Нератов со мной согласился, что нельзя успокаиваться на польском трюке и нужно немедленно реагировать, но сказал, чтобы я предварительно снёсся с министром внутренних дел. На другой же день на основании всех имевшихся у меня материалов я составил письмо в министерство внутренних дел по холмскому вопросу с разъяснением того, что произошло в связи с отменой закона о местном самоуправлении в Царстве Польском. Ответ пришёл довольно скоро, в нём говорилось о необходимости «включения добавления, что отмена закона не влечёт обратного водворения Холмской губернии в Царство Польское». На основании этого ответа Терещенко подписал изготовленное мною представление о том, чтобы решение Временного правительства об отмене вышеупомянутого закона было дополнено указанием, что Холмская губерния впредь до окончательного размежевания Польши и России должна по-прежнему оставаться вне Царства Польского.
За несколько дней до свержения Временного правительства в одном из последних его заседаний это добавление было принято, и таким образом положение Холмской губернии было восстановлено, что было не только парированием польского трюка, но и явно невыгодным для поляков прецедентом, который мог быть приведён лишь в пользу русского решения этого вопроса. Не знаю, какими глазами посмотрел бы на меня Ледницкий, но происшедший октябрьский переворот лишил меня случая с ним увидеться после этого решения Временного правительства. Не думал я тогда, что моя записка по холмскому вопросу очутится впоследствии в Брест-Литовске и сыграет роль при решении отдать Холмскую губернию Украине. Но об этом я расскажу в своём месте.
Будущее Литвы
В связи с этим решением Временного правительства нельзя не упомянуть и о литовском вопросе, который ещё летом 1917 г. был поднят М.М. Ичасом, литовским депутатом в IV Государственной думе. Ичас был принят Терещенко и обнадёжен им в надлежащем решении. Тогда же мне было поручено в связи с моими обязанностями референта по польскому вопросу подготовить и литовский. Терещенко просил меня наметить основные вехи по аналогии с польским вопросом — так, по крайней мере, просил об этом Ичас.

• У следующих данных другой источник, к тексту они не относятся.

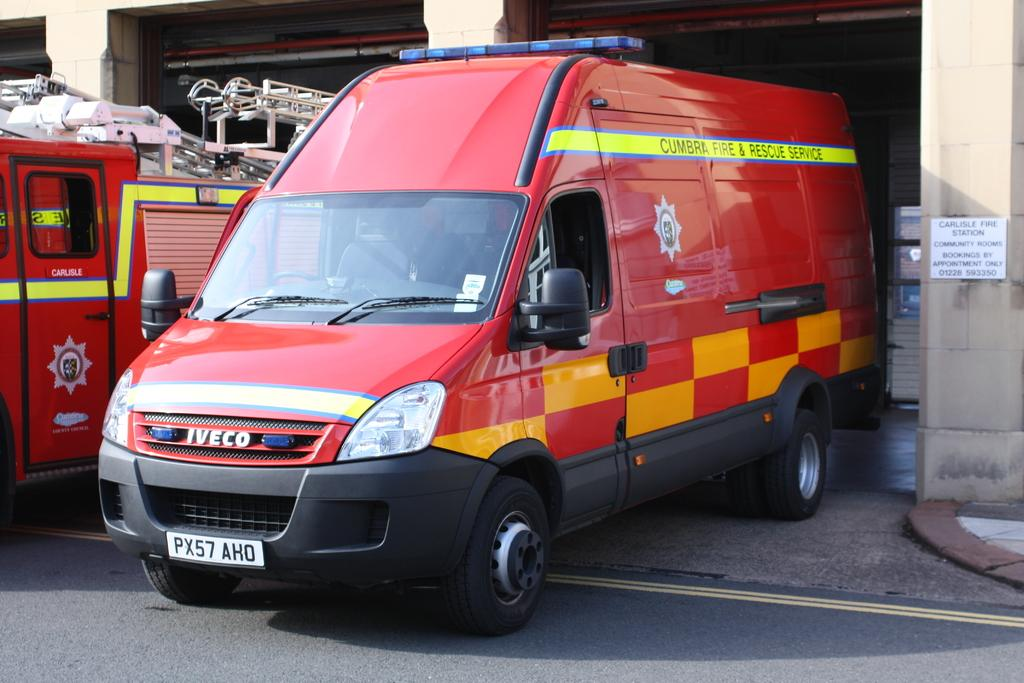<image>
Create a compact narrative representing the image presented. A Cumbra Fire and Rescue Service vehicle is parked in a garage.

С последним я был знаком и раньше, встречаясь с ним в доме члена Государственной думы, моего родственника П.П. Гронского. Виделся я с ним и летом 1917 г., причём весёлый и общительный представитель будущей Литвы и впоследствии её министр поразил меня тогда крайне пессимистичным взглядом на исход войны. То, что он говорил, представляло исключительный интерес, так как он имел сведения и из Германии, и из Царства Польского и считал ещё до июльских дней положение Временного правительства безнадёжным, а победу Германии над Россией обеспеченной. Это всё совершенно не гармонировало с общим убеждением Временного правительства, что с помощью могущественных союзников нам удастся сломить в конце концов Германию. Всё, что говорил Ичас об общем положении России, было до такой степени ново в тот момент, что я считал нужным доложить об этом Нератову, дабы дать ему картину германских предположений. Тот отнёсся к этому очень серьёзно, так как знал об иностранных связях Ичаса.
Что касается постановки литовского вопроса, то, хотя Ичас и не мог считаться литовским шовинистом (он в IV Государственной думе был членом кадетской фракции), он всё-таки определённо указал на то, что раз полякам даётся независимость, то надо что-либо сделать и для литовцев, в общем всегда гораздо больше русофильствовавших, чем поляки. Вместе с тем для меня было ясно, что ставить литовский вопрос по точной аналогии с польским значило бы открыть двери для полного расчленения России. Если из-за того, что поляки получают независимость, давать независимость литовцам, то как можно было бы отказать затем Финляндии, а потом и всем многочисленным народностям России — эстонцам, латышам и т.д.? Кроме того, польский вопрос действительно находился в особом положении, так как русское правительство в воззвании вел. кн. Николая Николаевича от 1 августа 1914 г. обещало восстановить полякам Польшу, составленную из трёх частей — русской, австрийской и прусской, следовательно, польский вопрос был с самого начала вопросом международным (наподобие, скажем, армянского), самым тесным образом связанным со славянским освободительным характером войны 1914 г. К тому же, в начале войны он ставился как присоединение к России восстановленной Польши, хотя бы и с очень широкой автономией. Польша целиком втягивалась в международную орбиту России в силу того, что Россия выступала защитницей всех славян в этой войне.
Литовский же вопрос в постановке Ичаса был прежде всего вопросом русским, так как все литовские земли находились в России, международного элемента в этом вопросе вовсе не имелось, это была добрая воля России — давать или не давать Литве независимость, следовательно, он должен был решаться на общем основании всех национальных вопросов, и прежде всего в интересах целостности Российского государства и суверенного свободного решения Учредительного собрания.